AIM OF THE EXERCISE:
In the records below, find each line that holds "drawing" and return it.

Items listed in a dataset

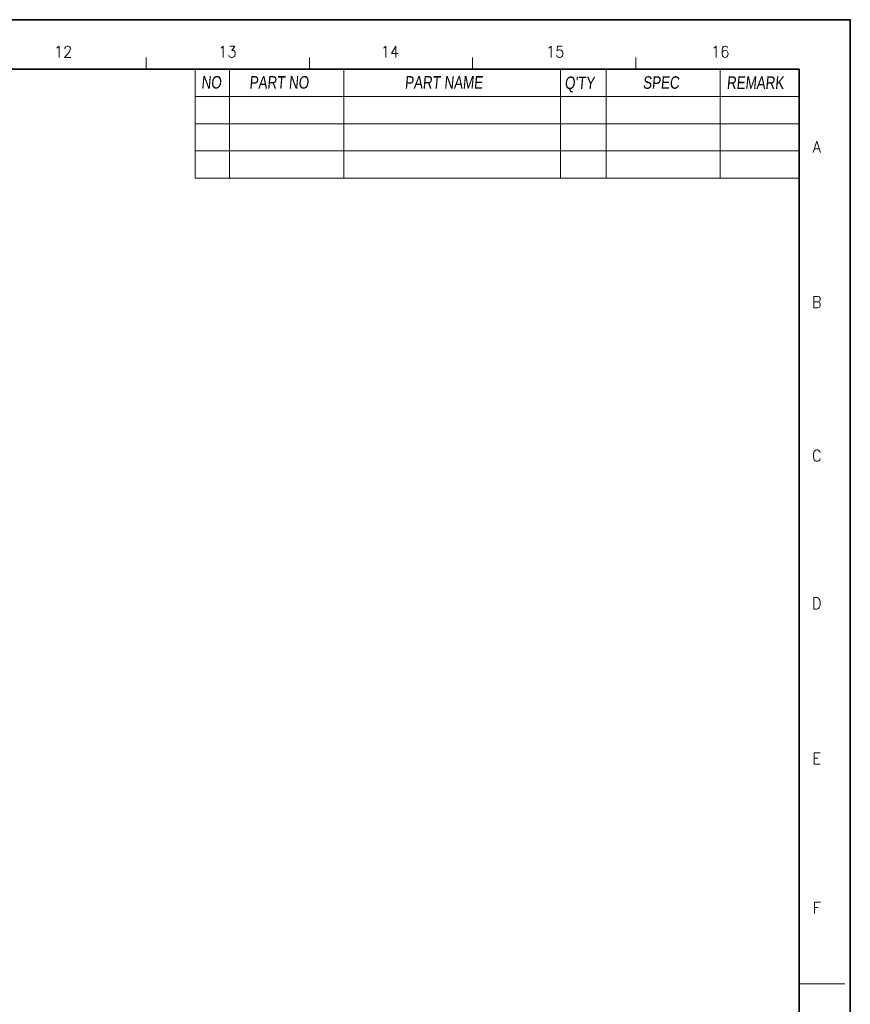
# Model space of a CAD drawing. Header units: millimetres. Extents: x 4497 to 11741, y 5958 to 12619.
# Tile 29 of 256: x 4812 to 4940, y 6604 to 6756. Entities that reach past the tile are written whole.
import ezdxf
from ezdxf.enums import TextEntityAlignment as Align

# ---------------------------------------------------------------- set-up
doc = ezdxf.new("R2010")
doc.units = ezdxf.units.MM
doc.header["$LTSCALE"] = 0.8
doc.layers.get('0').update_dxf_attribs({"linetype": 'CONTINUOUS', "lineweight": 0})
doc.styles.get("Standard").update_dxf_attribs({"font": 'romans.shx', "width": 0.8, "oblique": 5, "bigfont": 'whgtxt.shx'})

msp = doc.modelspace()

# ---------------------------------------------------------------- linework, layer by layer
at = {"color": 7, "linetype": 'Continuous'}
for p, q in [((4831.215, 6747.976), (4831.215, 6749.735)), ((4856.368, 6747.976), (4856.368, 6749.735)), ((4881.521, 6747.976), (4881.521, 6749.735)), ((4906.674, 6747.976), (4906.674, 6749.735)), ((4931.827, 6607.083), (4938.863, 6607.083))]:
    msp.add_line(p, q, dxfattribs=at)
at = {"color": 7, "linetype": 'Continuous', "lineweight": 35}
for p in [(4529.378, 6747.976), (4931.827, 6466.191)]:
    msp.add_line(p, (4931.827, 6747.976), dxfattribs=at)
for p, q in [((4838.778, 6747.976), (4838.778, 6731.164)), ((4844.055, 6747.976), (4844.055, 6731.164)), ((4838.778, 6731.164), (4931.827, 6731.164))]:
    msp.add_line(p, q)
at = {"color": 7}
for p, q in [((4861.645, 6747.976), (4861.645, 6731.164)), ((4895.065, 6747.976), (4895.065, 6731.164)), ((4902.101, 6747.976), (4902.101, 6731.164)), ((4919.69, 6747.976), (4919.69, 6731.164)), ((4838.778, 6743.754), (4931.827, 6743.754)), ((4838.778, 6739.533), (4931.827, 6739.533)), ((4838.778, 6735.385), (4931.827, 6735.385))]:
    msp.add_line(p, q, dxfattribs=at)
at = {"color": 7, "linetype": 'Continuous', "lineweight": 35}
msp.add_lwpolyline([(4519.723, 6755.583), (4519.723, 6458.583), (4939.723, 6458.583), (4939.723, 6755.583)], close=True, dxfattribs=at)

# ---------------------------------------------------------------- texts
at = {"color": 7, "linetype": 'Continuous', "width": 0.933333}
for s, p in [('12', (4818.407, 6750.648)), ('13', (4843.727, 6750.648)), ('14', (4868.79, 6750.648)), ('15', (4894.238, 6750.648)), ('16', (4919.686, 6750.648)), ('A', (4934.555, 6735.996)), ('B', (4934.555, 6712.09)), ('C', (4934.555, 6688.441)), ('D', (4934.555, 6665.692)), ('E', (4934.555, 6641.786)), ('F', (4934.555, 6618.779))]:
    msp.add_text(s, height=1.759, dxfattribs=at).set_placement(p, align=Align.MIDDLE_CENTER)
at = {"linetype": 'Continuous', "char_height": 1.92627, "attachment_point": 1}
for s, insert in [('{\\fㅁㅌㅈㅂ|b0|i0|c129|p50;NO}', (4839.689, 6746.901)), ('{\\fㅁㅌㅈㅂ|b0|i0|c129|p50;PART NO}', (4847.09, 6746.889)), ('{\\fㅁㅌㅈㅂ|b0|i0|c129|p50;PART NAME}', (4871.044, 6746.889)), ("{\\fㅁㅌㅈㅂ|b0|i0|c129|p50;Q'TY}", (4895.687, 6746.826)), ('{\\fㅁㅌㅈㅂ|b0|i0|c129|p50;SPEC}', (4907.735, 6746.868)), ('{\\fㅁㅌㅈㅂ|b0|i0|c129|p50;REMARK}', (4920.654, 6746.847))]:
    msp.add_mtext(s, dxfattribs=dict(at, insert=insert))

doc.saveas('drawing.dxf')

REPLY:
# Model space of a CAD drawing. Header units: millimetres. Extents: x 4497 to 11741, y 5958 to 12619.
doc.saveas('drawing.dxf')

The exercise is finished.